Ballet Mécanique; experimental silent short, France, 1924; D: Fernand Léger, Dudley Murphy, S: Alice Prin
A woman on a swing. Woman's lips smiling several times by looking at a hat. A merry-go-round. Scenes of clogs in an engine ticking and working. An old woman carrying a bag on her shoulder climbing up the stairway. Several juxtaposed scenes of legs from a mannequin, that seem to be dancing when inter-cut several times. A sketch of a Tramp closes the film.

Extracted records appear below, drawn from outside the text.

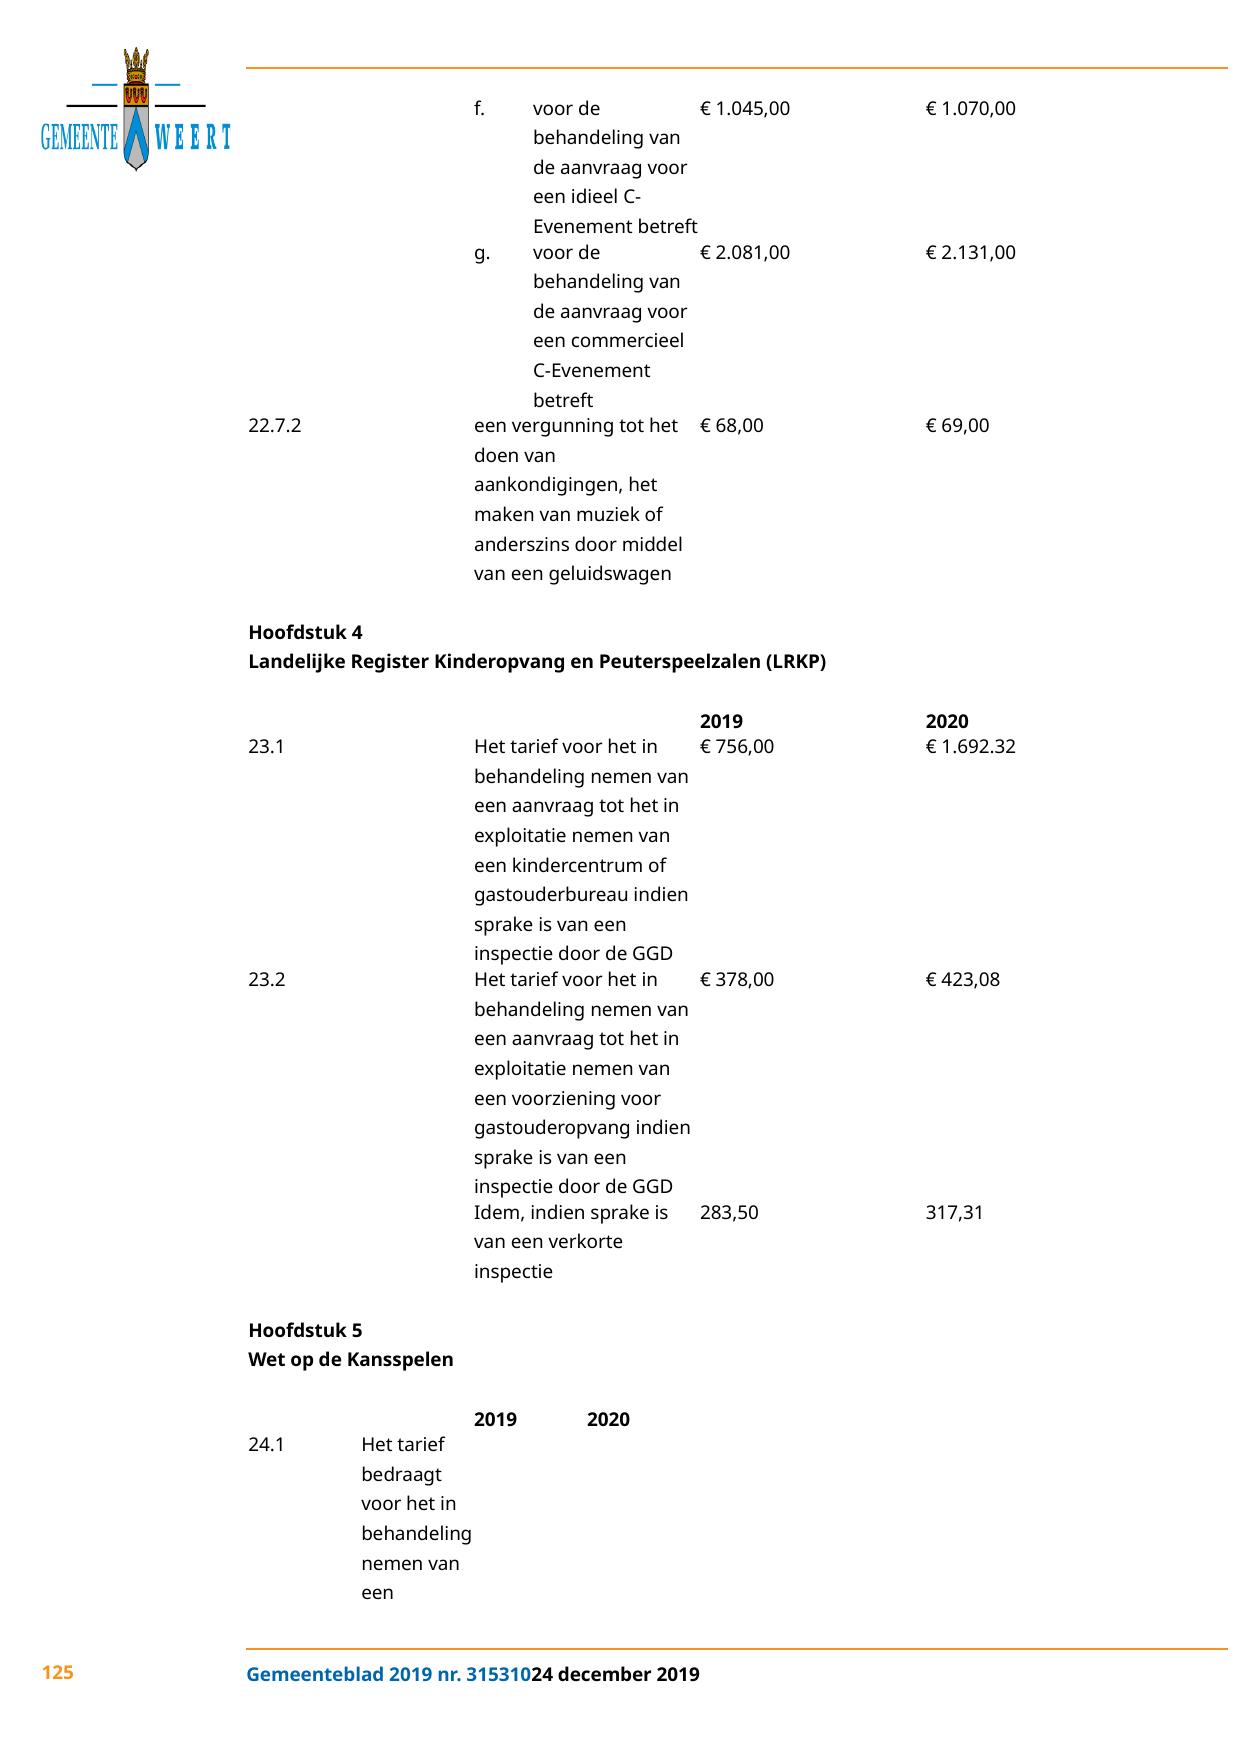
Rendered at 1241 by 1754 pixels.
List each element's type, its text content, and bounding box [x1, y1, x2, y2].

table_header 2020 [587, 1406, 700, 1431]
table_cell € 1.070,00 [926, 95, 1152, 239]
table_cell € 378,00 [700, 966, 926, 1199]
table_cell € 1.045,00 [700, 95, 926, 239]
table_header [474, 708, 700, 733]
table_cell € 2.081,00 [700, 239, 926, 412]
table_cell € 423,08 [926, 966, 1152, 1199]
table_cell Het tarief bedraagt voor het in behandeling nemen van een [361, 1431, 474, 1605]
table_cell een vergunning tot het doen van aankondigingen, het maken van muziek of anderszins door middel van een geluidswagen [474, 413, 700, 586]
table_cell 23.1 [248, 734, 474, 966]
table_cell 317,31 [926, 1199, 1152, 1284]
table_cell voor de behandeling van de aanvraag voor een commercieel C-Evenement betreft [474, 239, 700, 412]
table_header [248, 1406, 361, 1431]
table_cell voor de behandeling van de aanvraag voor een idieel C-Evenement betreft [474, 95, 700, 239]
table_cell 24.1 [248, 1431, 361, 1605]
table_cell € 2.131,00 [926, 239, 1152, 412]
table_cell Het tarief voor het in behandeling nemen van een aanvraag tot het in exploitatie nemen van een voorziening voor gastouderopvang indien sprake is van een inspectie door de GGD [474, 966, 700, 1199]
table_cell Idem, indien sprake is van een verkorte inspectie [474, 1199, 700, 1284]
table_cell Het tarief voor het in behandeling nemen van een aanvraag tot het in exploitatie nemen van een kindercentrum of gastouderbureau indien sprake is van een inspectie door de GGD [474, 734, 700, 966]
table_cell € 68,00 [700, 413, 926, 586]
table_cell 23.2 [248, 966, 474, 1199]
table_cell € 69,00 [926, 413, 1152, 586]
table_cell [587, 1431, 700, 1605]
table_header [248, 708, 474, 733]
table_header 2019 [700, 708, 926, 733]
table_cell € 756,00 [700, 734, 926, 966]
table_cell € 1.692.32 [926, 734, 1152, 966]
table_cell [248, 239, 474, 412]
text Hoofdstuk 4 [248, 619, 1152, 645]
table_cell [474, 1431, 587, 1605]
table_cell [248, 95, 474, 239]
table_cell 283,50 [700, 1199, 926, 1284]
picture [41, 47, 231, 172]
text Wet op de Kansspelen [248, 1346, 1152, 1372]
table_header 2019 [474, 1406, 587, 1431]
table_header 2020 [926, 708, 1152, 733]
table_cell 22.7.2 [248, 413, 474, 586]
text Hoofdstuk 5 [248, 1317, 1152, 1343]
text Landelijke Register Kinderopvang en Peuterspeelzalen (LRKP) [248, 648, 1152, 674]
table_cell [248, 1199, 474, 1284]
table_header [361, 1406, 474, 1431]

One of the major, significant experimental silent films from the Dadaist cinema movement, "Mechanical Ballet" seems to have lost its appeal today and fell more into the perspective of abstract, vague experimental films without a point, except as an example of early artistic exercises. Director Fernard Leger, with the help of co-director Dudley Murphy, assembles a subconscious film that plays with the cinematic techniques, and thus abounds with surreal, sometimes inventive scenes (a woman on a swing seen upside down; a ball swinging backwards and forwards towards the camera, which is seen in its spherical reflection; a 'fractured' split screen...), but despite its short running time of only 16 minutes, it drags since it has no plot or storyline, nor characters, and thus seems to move forward only extremely artificially and forcefully. A proto-Godard example of silent cinema, with an ironic jab at the beginning and end (an abstract sketch of Chaplin on the screen), yet a one that seems more like homework for the cineasts than as a pure joy of filmmaking.